WHAT TO PRODUCE: Locate the word "lowermost" in the entries below, then gather every line that holds it.

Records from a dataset
━━━━━━━━━━━━━━━━━━━━

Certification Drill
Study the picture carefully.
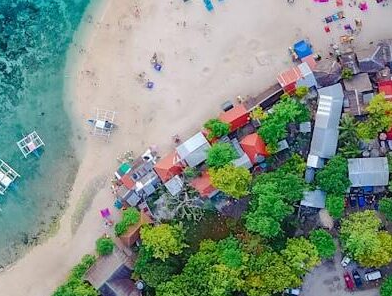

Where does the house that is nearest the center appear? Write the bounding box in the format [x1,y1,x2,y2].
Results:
[176,131,211,167]
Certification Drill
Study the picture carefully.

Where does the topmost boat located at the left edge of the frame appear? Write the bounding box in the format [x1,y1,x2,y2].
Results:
[16,130,47,160]
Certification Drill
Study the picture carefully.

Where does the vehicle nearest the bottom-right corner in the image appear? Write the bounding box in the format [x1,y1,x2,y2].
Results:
[365,270,385,283]
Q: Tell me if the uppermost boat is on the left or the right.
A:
left
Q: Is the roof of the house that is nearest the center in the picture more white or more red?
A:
white
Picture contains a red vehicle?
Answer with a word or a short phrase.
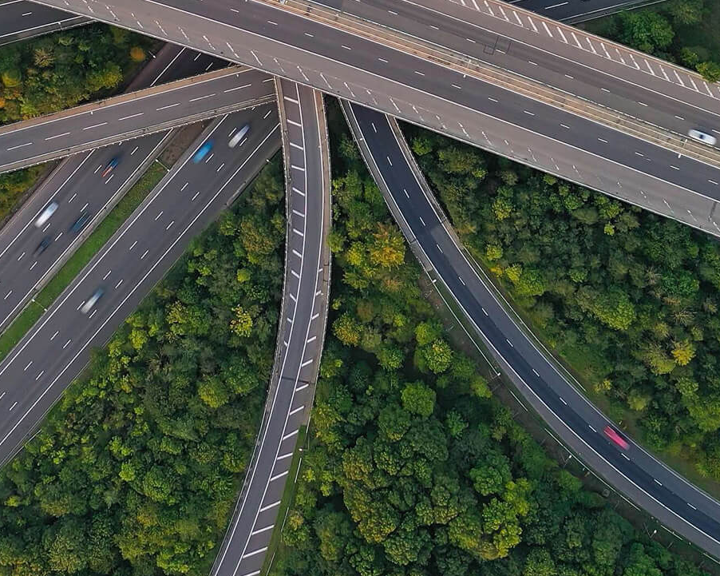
Yes
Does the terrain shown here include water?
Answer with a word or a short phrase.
No
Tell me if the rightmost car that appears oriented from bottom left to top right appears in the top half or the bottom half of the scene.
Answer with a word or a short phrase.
top
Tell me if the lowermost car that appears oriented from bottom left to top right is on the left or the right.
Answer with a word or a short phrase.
left
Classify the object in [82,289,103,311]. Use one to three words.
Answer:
car
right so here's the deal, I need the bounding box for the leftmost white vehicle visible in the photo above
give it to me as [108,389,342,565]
[33,203,58,228]
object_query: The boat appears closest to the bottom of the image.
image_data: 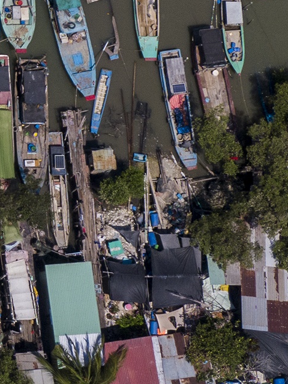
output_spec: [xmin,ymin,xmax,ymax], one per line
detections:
[47,132,70,247]
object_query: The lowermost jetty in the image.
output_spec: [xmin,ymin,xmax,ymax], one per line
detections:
[70,173,102,284]
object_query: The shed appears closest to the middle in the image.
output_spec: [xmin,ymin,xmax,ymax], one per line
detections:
[86,146,116,170]
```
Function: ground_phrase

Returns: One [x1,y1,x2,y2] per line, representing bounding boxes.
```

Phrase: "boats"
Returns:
[47,132,70,247]
[187,28,236,143]
[0,55,16,181]
[156,49,197,170]
[131,0,160,61]
[217,0,246,74]
[88,68,112,132]
[14,59,50,191]
[0,0,36,54]
[43,0,96,101]
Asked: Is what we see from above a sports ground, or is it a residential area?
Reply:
residential area
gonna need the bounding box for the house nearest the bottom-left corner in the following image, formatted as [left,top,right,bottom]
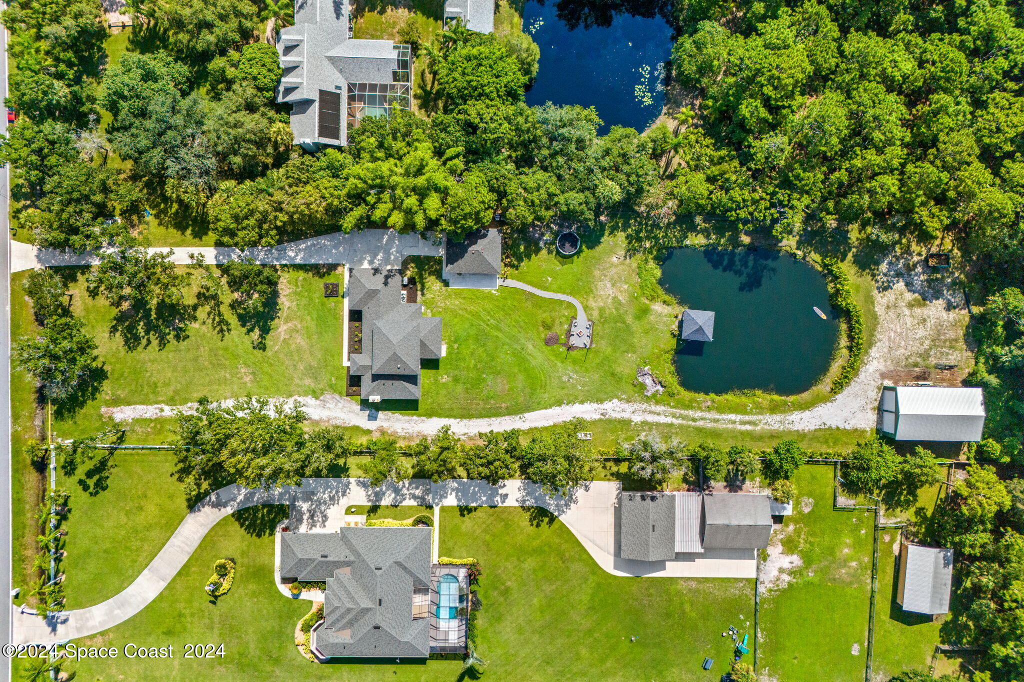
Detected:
[281,526,433,657]
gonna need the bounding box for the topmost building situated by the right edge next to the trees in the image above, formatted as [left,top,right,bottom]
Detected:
[883,386,988,441]
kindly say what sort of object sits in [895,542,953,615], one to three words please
shed
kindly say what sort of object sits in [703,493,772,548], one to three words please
building
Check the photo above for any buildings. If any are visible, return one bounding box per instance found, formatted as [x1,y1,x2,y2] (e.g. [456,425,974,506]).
[281,526,433,657]
[680,309,715,341]
[446,228,501,274]
[276,0,396,152]
[348,267,442,403]
[703,493,772,548]
[444,0,494,35]
[895,542,953,615]
[883,386,988,441]
[620,492,675,561]
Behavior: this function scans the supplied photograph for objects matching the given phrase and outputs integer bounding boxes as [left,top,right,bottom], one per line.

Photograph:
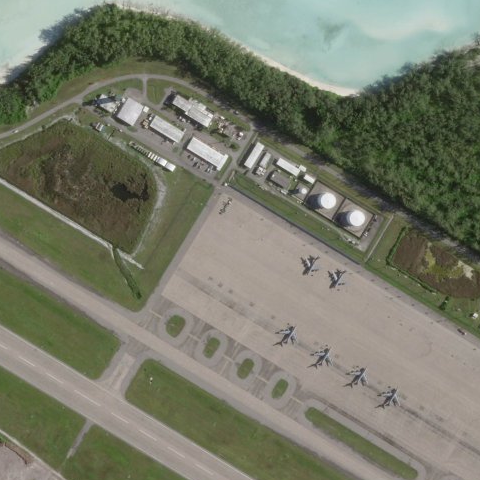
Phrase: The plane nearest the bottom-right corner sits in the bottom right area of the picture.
[378,388,399,410]
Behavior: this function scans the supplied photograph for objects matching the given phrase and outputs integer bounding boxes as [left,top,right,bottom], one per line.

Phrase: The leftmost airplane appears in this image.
[275,326,296,348]
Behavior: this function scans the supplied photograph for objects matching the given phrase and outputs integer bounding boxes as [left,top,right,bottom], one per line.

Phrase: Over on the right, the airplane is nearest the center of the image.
[303,254,324,275]
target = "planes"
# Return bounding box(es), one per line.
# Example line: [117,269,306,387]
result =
[378,388,399,410]
[275,326,296,348]
[330,267,351,288]
[347,368,368,390]
[311,348,331,370]
[303,254,324,275]
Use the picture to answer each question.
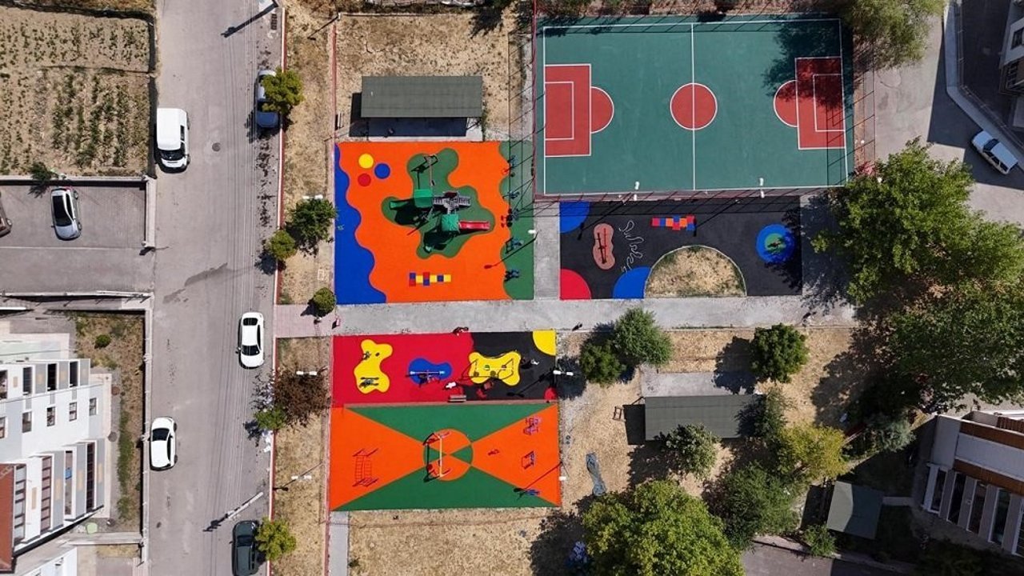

━━━━━━━━━━━━━━━━━━━━

RESULT OF THE EXERCISE:
Tell me if the lowermost car that appears oriented from bottom left to top right is on the left or the right.
object_query: The lowermost jetty in the image.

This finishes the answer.